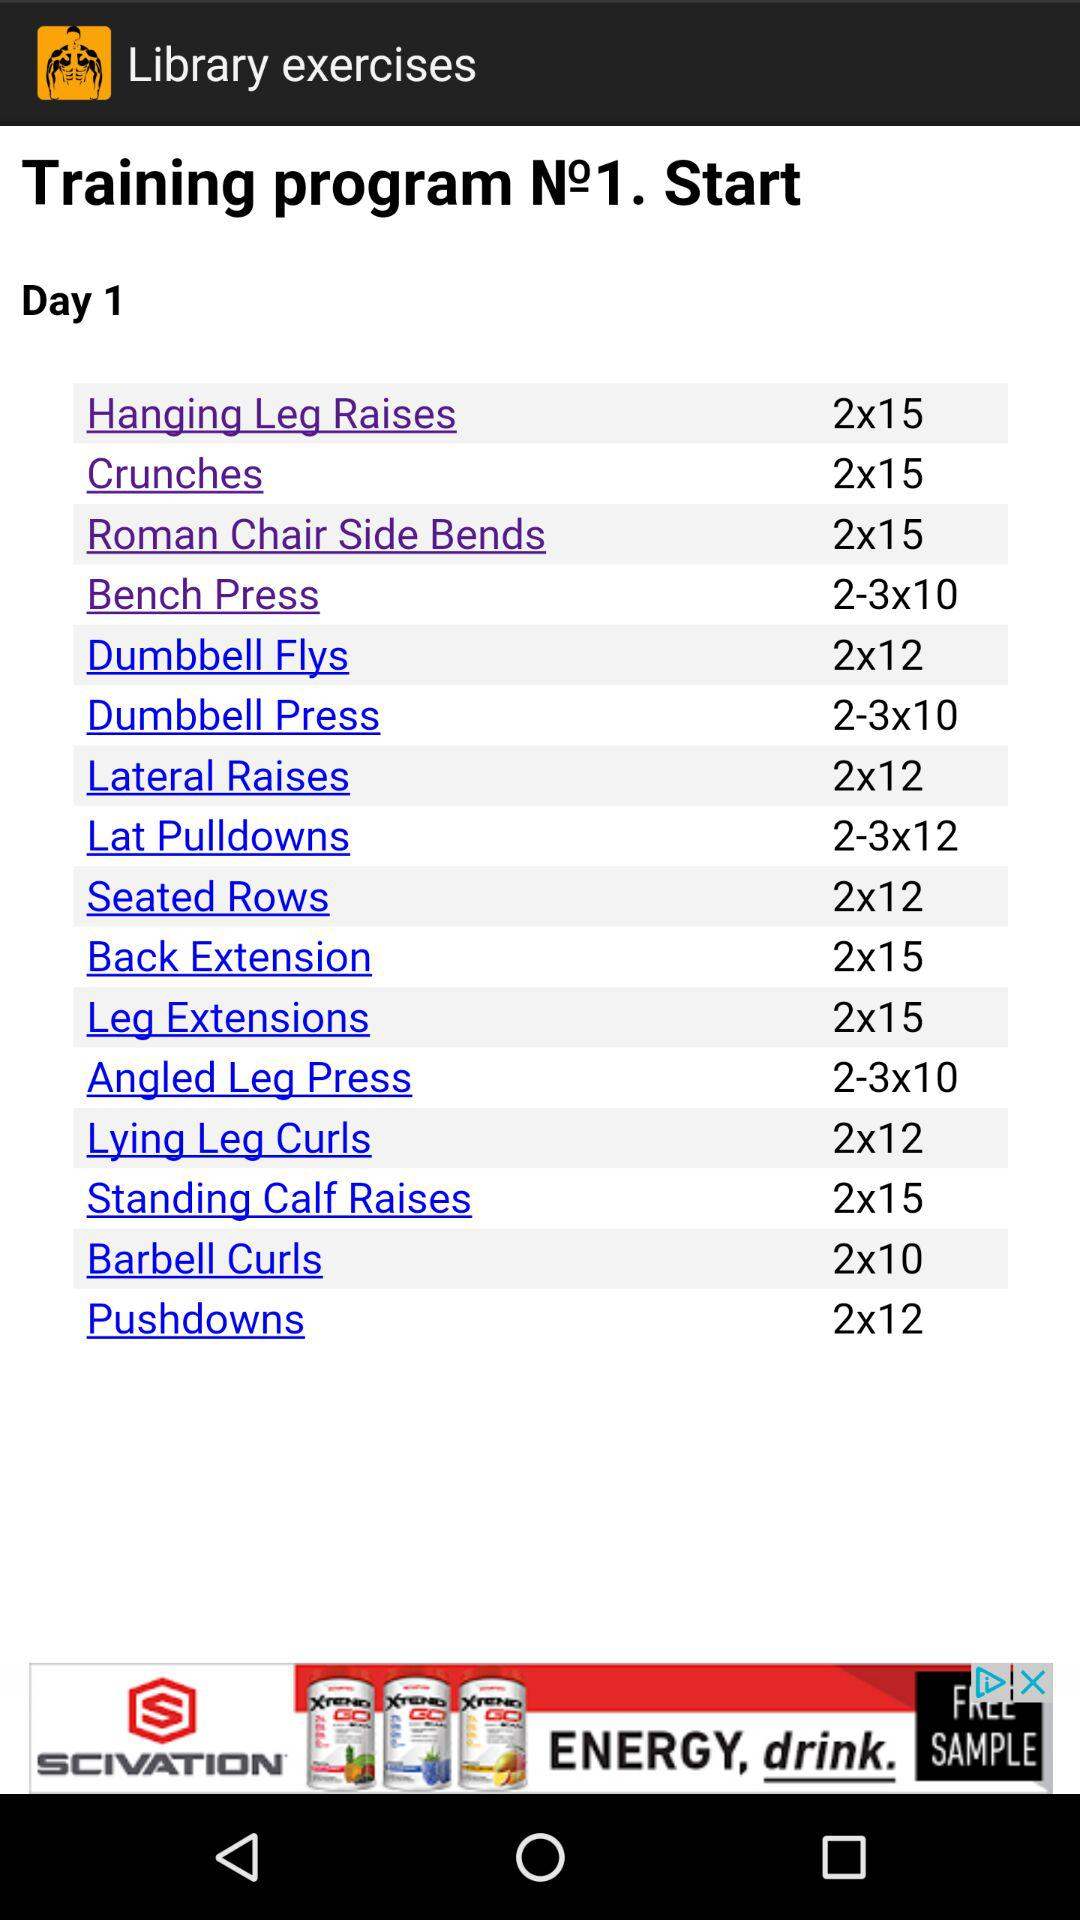What is the number of repetitions for crunches? The number of repetitions for crunches is 15. 
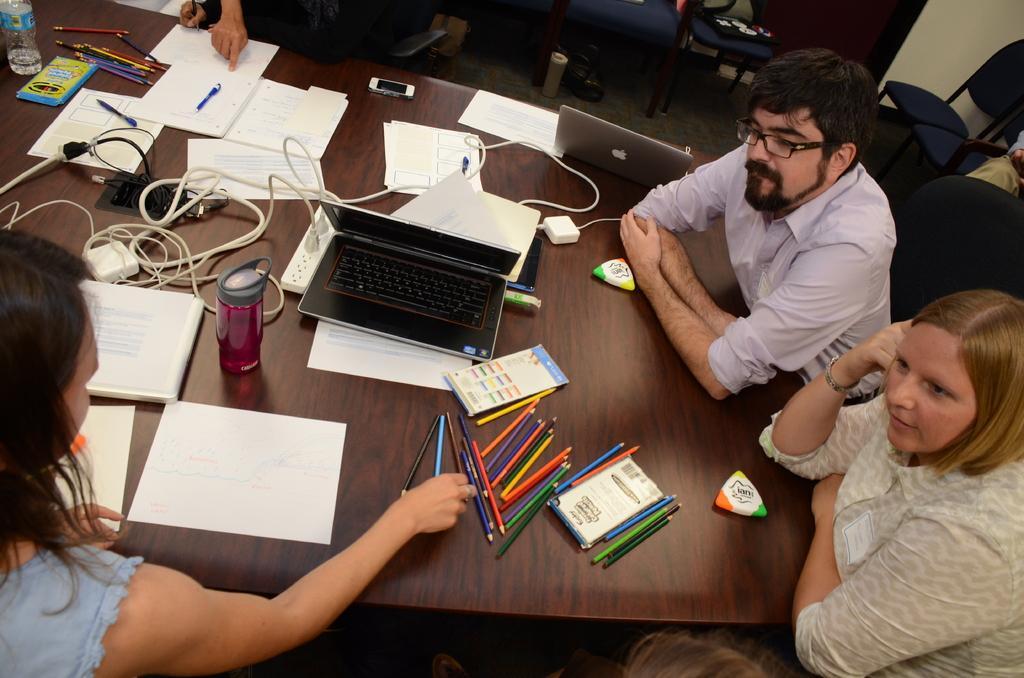How would you summarize this image in a sentence or two? In this picture there is table on which some pens, papers ,Water bottles, wires, chargers, mobiles, laptops were placed. Around the table, there are some people sitting here. In the background there is a wall here. 
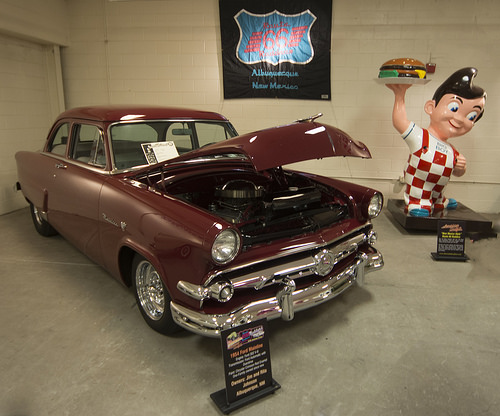<image>
Can you confirm if the statue is behind the car? No. The statue is not behind the car. From this viewpoint, the statue appears to be positioned elsewhere in the scene. 
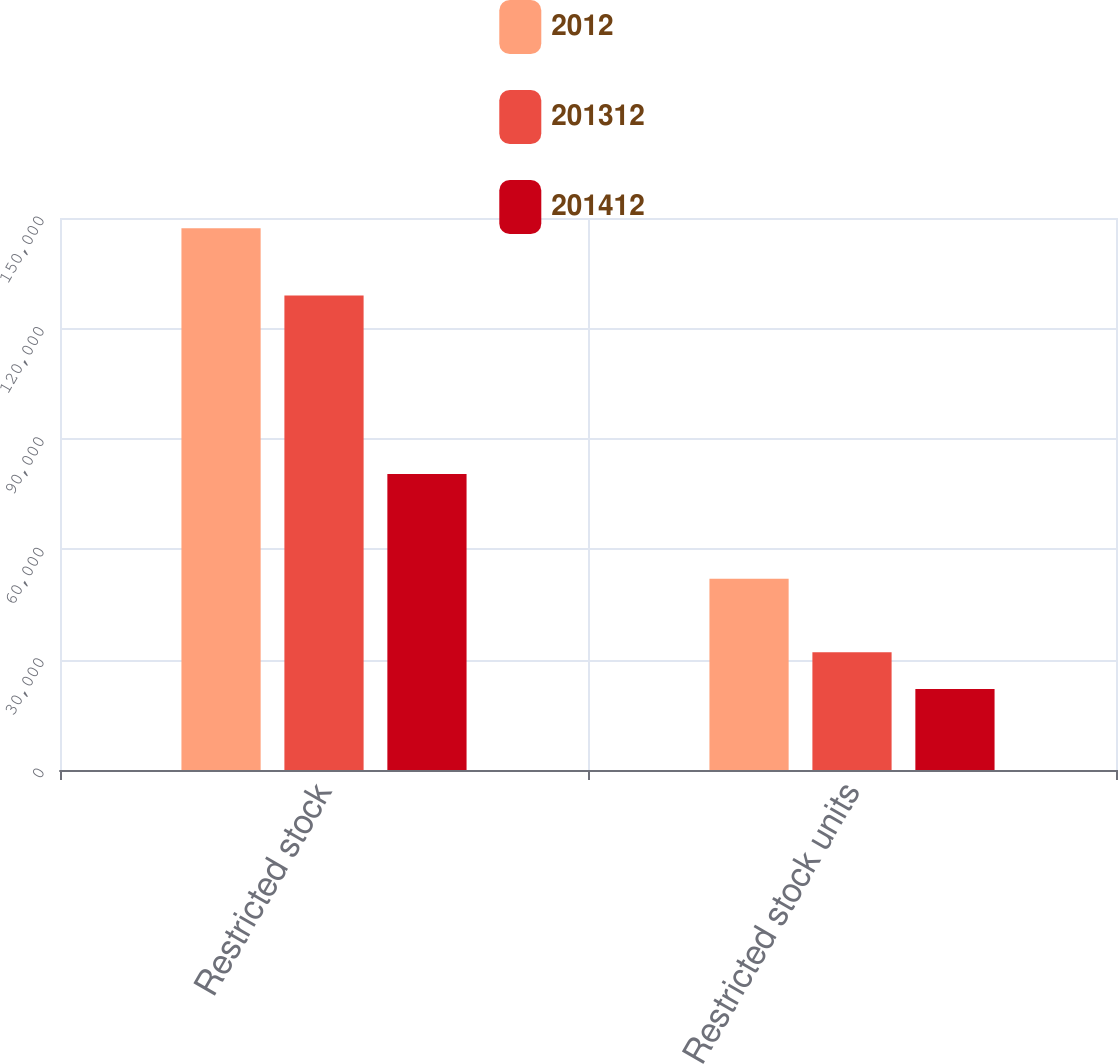Convert chart to OTSL. <chart><loc_0><loc_0><loc_500><loc_500><stacked_bar_chart><ecel><fcel>Restricted stock<fcel>Restricted stock units<nl><fcel>2012<fcel>147221<fcel>52000<nl><fcel>201312<fcel>128923<fcel>32000<nl><fcel>201412<fcel>80460<fcel>22000<nl></chart> 
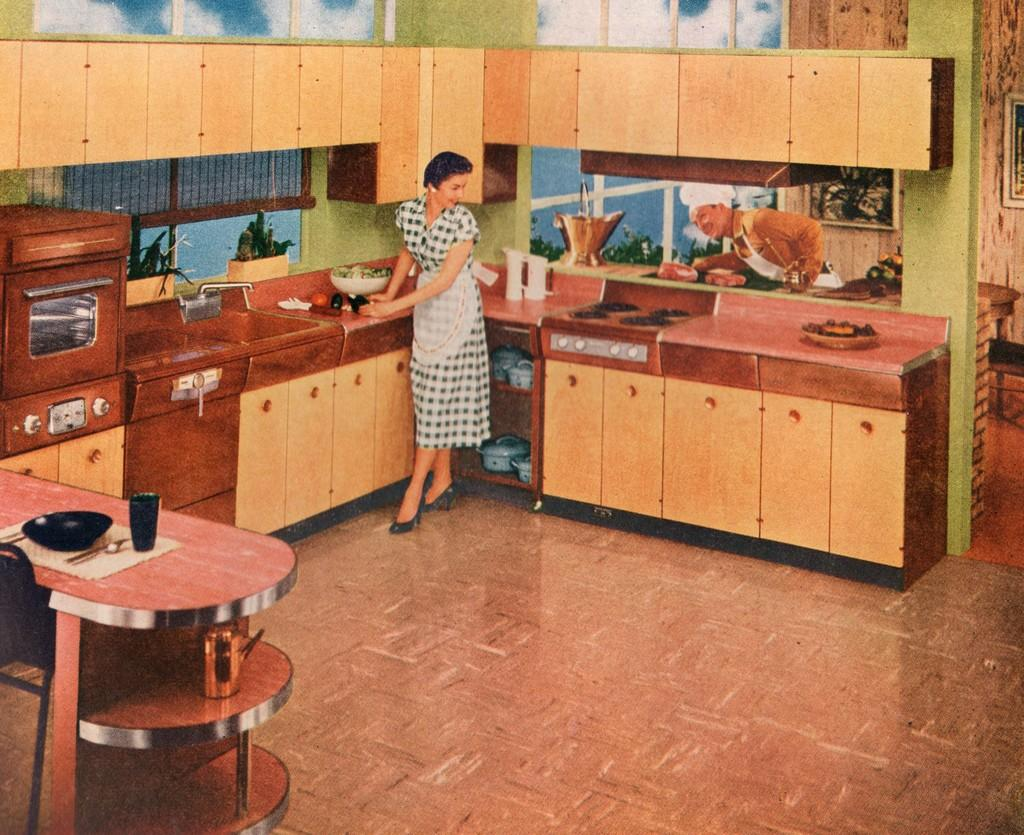What type of surface is visible in the image? There is a wooden platform in the image. What can be found on the wooden platform? There are objects on the wooden platform. What type of furniture is present in the image? There are cupboards in the image. Can you describe the people in the image? There is a person standing on the floor, and there is another person behind the first person. What is the writer doing in the image? There is no writer present in the image. How many divisions are visible in the image? The image does not depict any divisions; it shows a wooden platform, objects, cupboards, and people.

----

HOW TO COMPLETE THIS TASK: Your copy should match every record exactly and contain no pictures.

PROBLEM SOLUTION:
What is the number of repetitions for crunches? The number of repetitions for crunches is 15. 
How would you summarize this image in a sentence or two? In this picture there is table on which some pens, papers ,Water bottles, wires, chargers, mobiles, laptops were placed. Around the table, there are some people sitting here. In the background there is a wall here. 
<image>
Can you confirm if the statue is behind the car? No. The statue is not behind the car. From this viewpoint, the statue appears to be positioned elsewhere in the scene. 
Convert chart to OTSL. <chart><loc_0><loc_0><loc_500><loc_500><stacked_bar_chart><ecel><fcel>Restricted stock<fcel>Restricted stock units<nl><fcel>2012<fcel>147221<fcel>52000<nl><fcel>201312<fcel>128923<fcel>32000<nl><fcel>201412<fcel>80460<fcel>22000<nl></chart> 
What type of surface is visible in the image? There is a wooden platform in the image. What can be found on the wooden platform? There are objects on the wooden platform. What type of furniture is present in the image? There are cupboards in the image. Can you describe the people in the image? There is a person standing on the floor, and there is another person behind the first person. What is the writer doing in the image? There is no writer present in the image. How many divisions are visible in the image? The image does not depict any divisions; it shows a wooden platform, objects, cupboards, and people.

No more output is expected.